The International Game Developers Association apologized today for the female dancers at its Game Developers Conference party last night, and said that it hopes that the IGDA members who resigned will return.
"Both the costumes and activities witnessed at the party — we apologize and agree," said Kate Edwards, IGDA executive director, during the organization's annual meeting today. "It doesn't agree with our core values as an organization."
The IGDA has come under fire for the party, which it co-hosted with startup accelerator YetiZen, because of the scantily clad female dancers who performed there, as reported by a Forbes contributor. In the wake of the report, two IGDA board members, including noted game designer Brenda Romero, and leaders of two other groups affiliated with the organization — the Chicago chapter of the IGDA, and Women in Games Boston — said today that they have cut ties with it.
"We regret the reactions they've given us. We do hope they continue to work with the IGDA; we'd hate to lose their participation, but they react how they want to react," Edwards told Polygon in a Q&A following the meeting. "It's their decision but we hope they continue to work with us in the future."
Asked about reconciling with Romero and the other people who have resigned or distanced themselves from the IGDA, Edwards said, "We are open to it. We do need them now more than ever."

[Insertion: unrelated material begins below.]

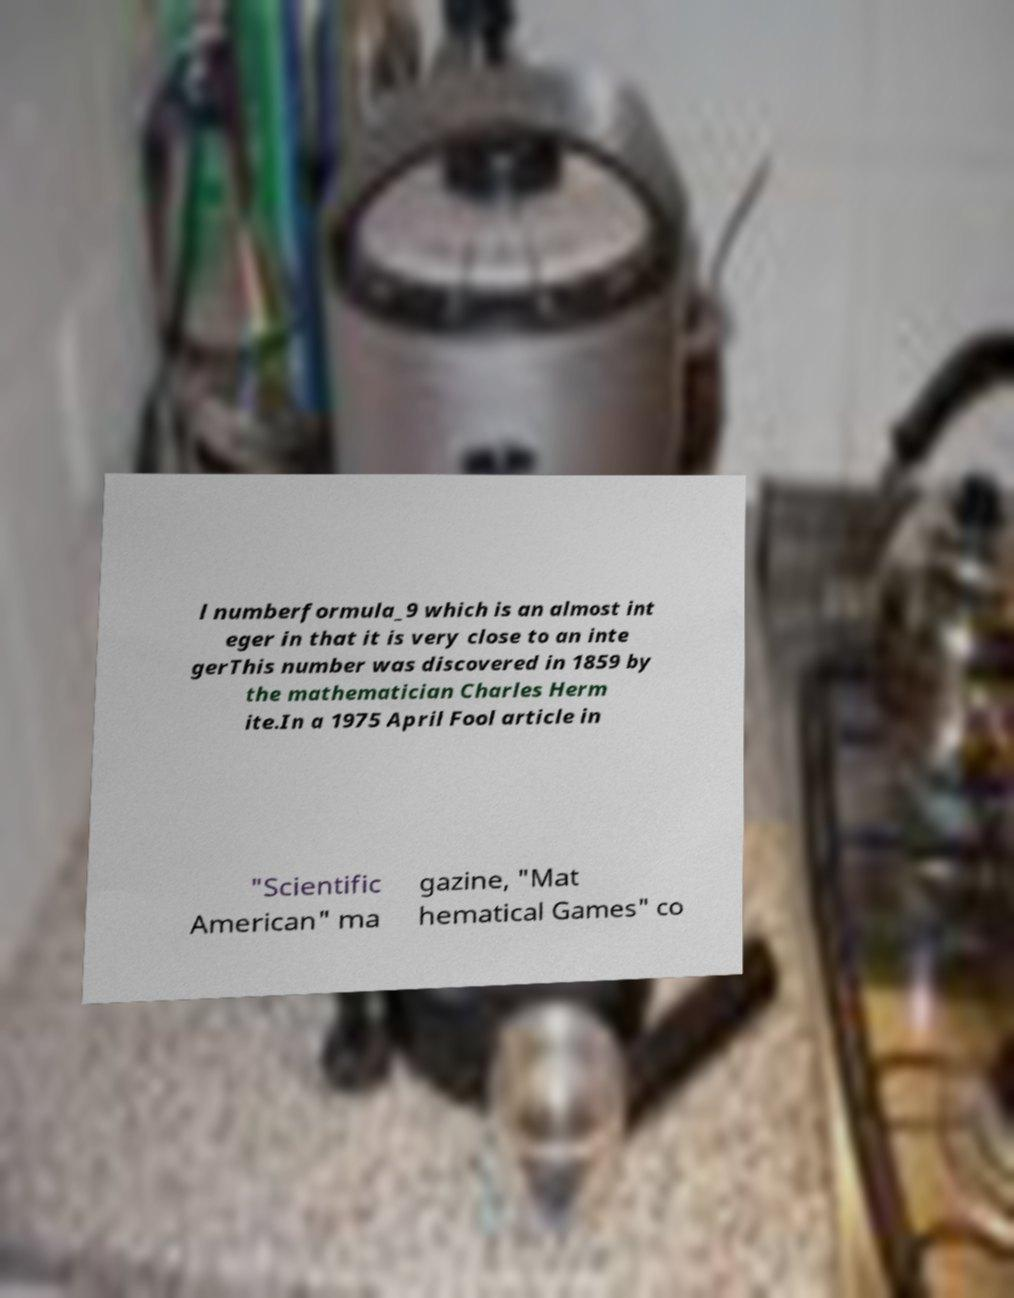Please identify and transcribe the text found in this image. l numberformula_9 which is an almost int eger in that it is very close to an inte gerThis number was discovered in 1859 by the mathematician Charles Herm ite.In a 1975 April Fool article in "Scientific American" ma gazine, "Mat hematical Games" co 
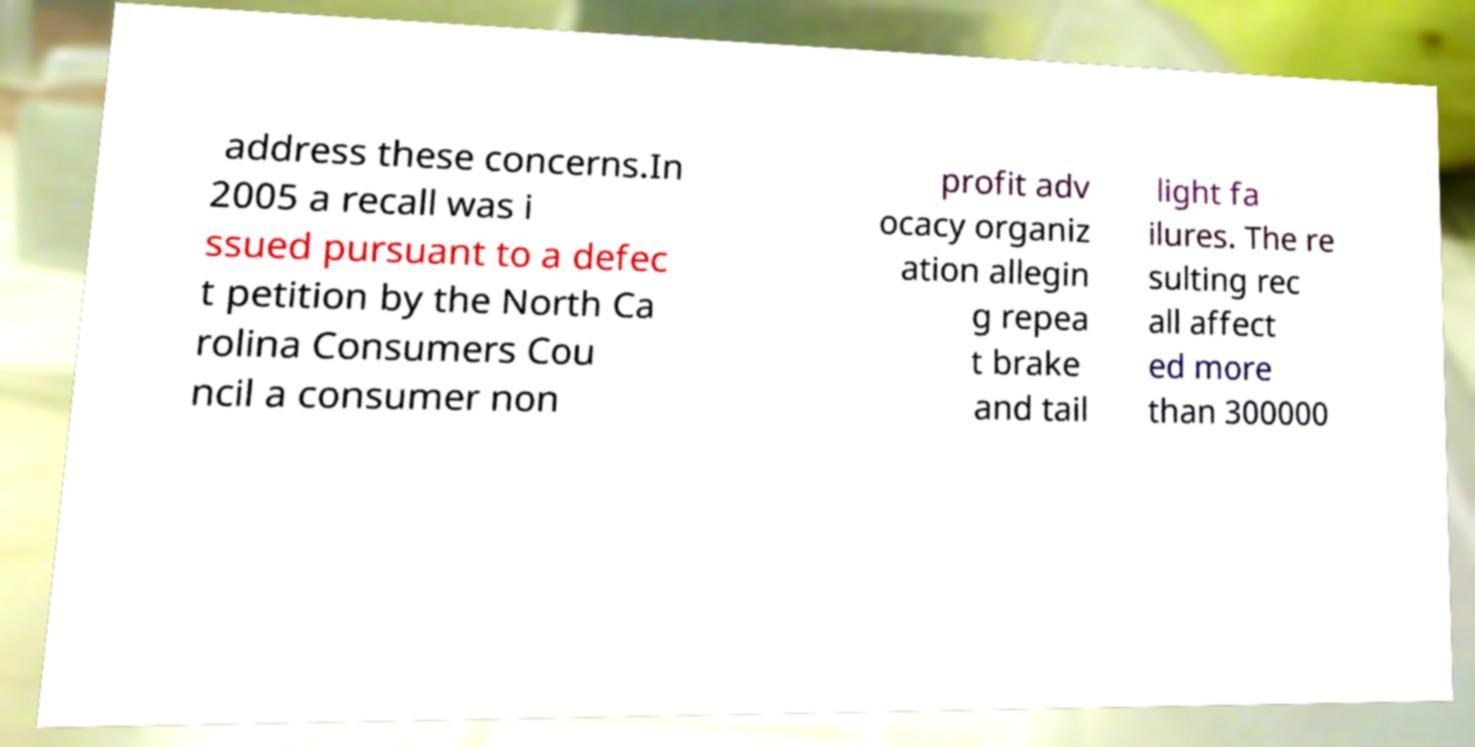Can you read and provide the text displayed in the image?This photo seems to have some interesting text. Can you extract and type it out for me? address these concerns.In 2005 a recall was i ssued pursuant to a defec t petition by the North Ca rolina Consumers Cou ncil a consumer non profit adv ocacy organiz ation allegin g repea t brake and tail light fa ilures. The re sulting rec all affect ed more than 300000

"It doesn't agree with our core values as an organization"
Edwards added, "Basically, what we need is participation and dialogue. We would love to have people members of our organization to speak up on our things — speak up, give us advice on these things. We need to know what we can do to do a better job in the future."
Edwards also explained how the event was planned. According to Edwards, YetiZen approached the IGDA to do the party, and she said the IGDA agreed "mainly because we were provided oversight." However, said Edwards, "We did not see the costumes of the stilt walkers during the party; we didn't know any of the performers would be doing anything on the stage or brought on the stage; we didn't even know the models would be at the party, necessarily."
According to the description of the party on the IGDA website, the party performers were "all vetted by the IGDA."
"Unfortunately not all content at the party was passed by us," said Edwards, "and [YetiZen] also agreed to follow the IGDA code of conduct." The IGDA's Code of Ethics can be found on its website.
In the future, said Edwards, the IGDA needs to find sponsors and not co-host with other organizations that may have differing views on what's appropriate for an IGDA event. Edwards added that in this case, "We had a sponsor lined up with a soft commitment that backed out at the last minute and left us in a situation."
"We realize we make mistakes sometimes; we want to make sure all our programs and activities are inclusive and professional."
Alexa Ray Corriea and Megan Farokhmanesh contributed to this report.